Sunday 18 September 2011

It's Getting Better All The Time


“Hasn’t been born yet” – Michael Johnson on who can beat Usain Bolt.

The global economic model hinges on the concept of infinite growth. When you put money into a pension as a young person, you expect to get more out of it than you put in. Not because you got lucky and invested in Apple stock twenty years ago (though if you had spent that $5,700 in 1997 on Apple stock instead of the PowerBook laptop, you would have made in the region of $330,000) but because, generally speaking, growth just happens. Our entire way of life is based around this very fact. Economic growth means people will have more money and so stocks and shares will be worth more. Hello Costa del Sol. It’s why companies invest – they believe they will make more money in the future. It’s a big part of the reason why Japan hasn’t seen consistent economic growth in two decades. Their population is shrinking, so companies see no incentive to invest, and in doing so they have essentially abolished the business cycle.
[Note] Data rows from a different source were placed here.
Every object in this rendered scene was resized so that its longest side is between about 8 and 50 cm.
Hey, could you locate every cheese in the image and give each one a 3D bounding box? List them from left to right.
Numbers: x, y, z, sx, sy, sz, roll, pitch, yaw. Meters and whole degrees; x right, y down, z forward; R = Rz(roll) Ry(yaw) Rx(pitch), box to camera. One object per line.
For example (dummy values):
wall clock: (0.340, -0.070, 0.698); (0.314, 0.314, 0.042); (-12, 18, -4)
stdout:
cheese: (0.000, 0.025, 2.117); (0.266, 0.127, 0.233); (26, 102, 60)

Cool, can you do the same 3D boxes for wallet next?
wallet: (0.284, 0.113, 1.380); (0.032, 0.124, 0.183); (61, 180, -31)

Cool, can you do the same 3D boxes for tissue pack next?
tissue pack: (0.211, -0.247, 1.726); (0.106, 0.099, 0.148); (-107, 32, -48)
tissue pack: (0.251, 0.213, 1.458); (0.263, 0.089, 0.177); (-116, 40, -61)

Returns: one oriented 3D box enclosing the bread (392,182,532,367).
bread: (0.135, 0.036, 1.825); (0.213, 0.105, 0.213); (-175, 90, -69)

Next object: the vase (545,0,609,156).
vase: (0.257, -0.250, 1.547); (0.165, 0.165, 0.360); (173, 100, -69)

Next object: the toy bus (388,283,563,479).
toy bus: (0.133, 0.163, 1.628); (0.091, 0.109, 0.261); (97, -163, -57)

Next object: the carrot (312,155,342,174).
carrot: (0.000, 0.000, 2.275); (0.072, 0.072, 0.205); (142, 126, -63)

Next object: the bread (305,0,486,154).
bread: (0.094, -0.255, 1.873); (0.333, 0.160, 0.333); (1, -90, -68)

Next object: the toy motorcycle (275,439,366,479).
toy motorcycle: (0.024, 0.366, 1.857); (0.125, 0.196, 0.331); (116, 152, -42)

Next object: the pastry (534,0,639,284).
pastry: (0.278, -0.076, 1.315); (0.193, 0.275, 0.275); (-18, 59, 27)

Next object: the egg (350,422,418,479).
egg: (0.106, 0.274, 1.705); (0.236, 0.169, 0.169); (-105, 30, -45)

I was wondering whether the same thing might ever occur in sport. Take tennis, and the recent useful example of the US Open final. The upward trajectory of men’s tennis has been undeniable in the last twenty years. No sooner did Pete Sampras achieve an unbreakable 14 major record, then Roger Federer came a long and smashed it in six years. Then this guy called Rafael Nadal comes along and beats Federer in pretty much every match they play. And now Novak Djokovic, playing better than both these guys, is currently racking up a faintly bizarre 64-2 record for the season. Permanent growth. How long does Djokovic have until some kid comes out of nowhere to be greater still?

Maybe longer than we think, if athletics is anything to go by. World records are a rare event these days, even with the spectacular Usain Bolt. Humans have physical limitations; the 100m will never be run in four seconds, even if the mile could (quite easily these days) be completed in under four minutes. Usain Bolt runs with 1000 pounds of force, so could there be a time when the human body simply collapses under its own force? One hundred metres is a short distance, with just a few technical stages. Room for improvement is minimal. "A pen is harder to refine than a tractor”, as Ato Bolden, four-time Olympic medallist, neatly puts it. Where can further progress come from? We’ve improved diets, training regimes and sports psychology. That sounds a lot like Tyler Cowen’s low-hanging fruit.
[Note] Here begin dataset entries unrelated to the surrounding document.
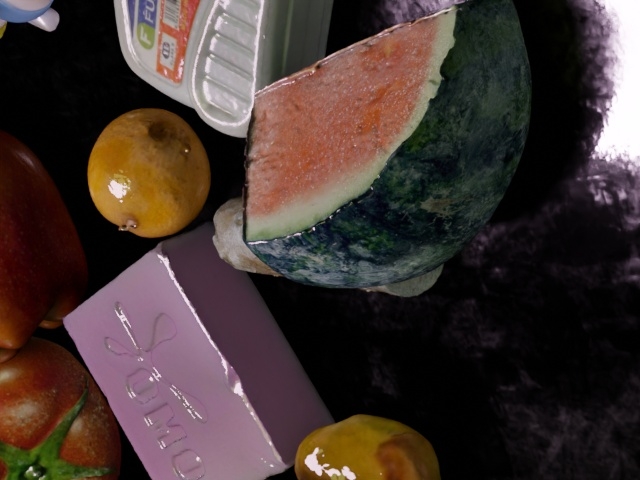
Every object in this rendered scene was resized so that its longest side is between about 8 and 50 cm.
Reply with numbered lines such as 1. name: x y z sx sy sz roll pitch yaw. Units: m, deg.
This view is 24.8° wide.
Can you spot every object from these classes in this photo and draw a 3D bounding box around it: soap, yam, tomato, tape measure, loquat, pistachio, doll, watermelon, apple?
1. soap: -0.146 0.156 1.718 0.296 0.107 0.285 58 140 3
2. yam: 0.000 0.000 1.461 0.259 0.093 0.093 6 117 47
3. tomato: -0.431 0.285 2.012 0.239 0.303 0.303 26 132 58
4. tape measure: -0.083 -0.240 1.381 0.246 0.125 0.243 33 130 29
5. loquat: -0.187 -0.073 1.597 0.141 0.141 0.141 27 131 36
6. pistachio: 0.064 0.249 1.541 0.189 0.100 0.110 10 142 36
7. doll: -0.383 -0.293 1.718 0.241 0.135 0.098 -21 68 51
8. watermelon: 0.038 -0.091 1.254 0.226 0.148 0.318 46 120 28
9. apple: -0.454 0.004 1.841 0.317 0.288 0.288 53 142 0

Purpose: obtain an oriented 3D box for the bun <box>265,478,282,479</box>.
1. bun: -0.064 0.382 1.743 0.178 0.128 0.193 57 140 8

Over the last forty years, the 100m world record was broken in tiny increments of 0.1 and 0.2 seconds. Then, out of nowhere, a man seemingly too tall for the distance smashed it once, and then smashed it again (Richard Keys would be so proud). And herein lies our answer. Usain Bolt is the human embodiment of that new technology that comes along, and revolutionises the global economy. Humans were around for quite sometime before the invention of modern agriculture. Horses were the number one mode of transportation until the steam engine was conceived and these things call trains came along. Progression is never linear. Right now, the world is suffering from too few engines of growth. We are stuck, like those 100m athletes before Bolt, at incremental growth. This is not to say that governments and entrepreneurs should be lax, and simply assume that a technology or advancement will come along and save the world. But Bolt does offer a grain (cf Norman Borlaug and the Dwarf Wheat, the technology that saved the lives of millions of Indians) of hope. That if we keep trying to run as fast as possible, we'll get there in the end. 

Except that it's infinite, so we won't. But the point remains.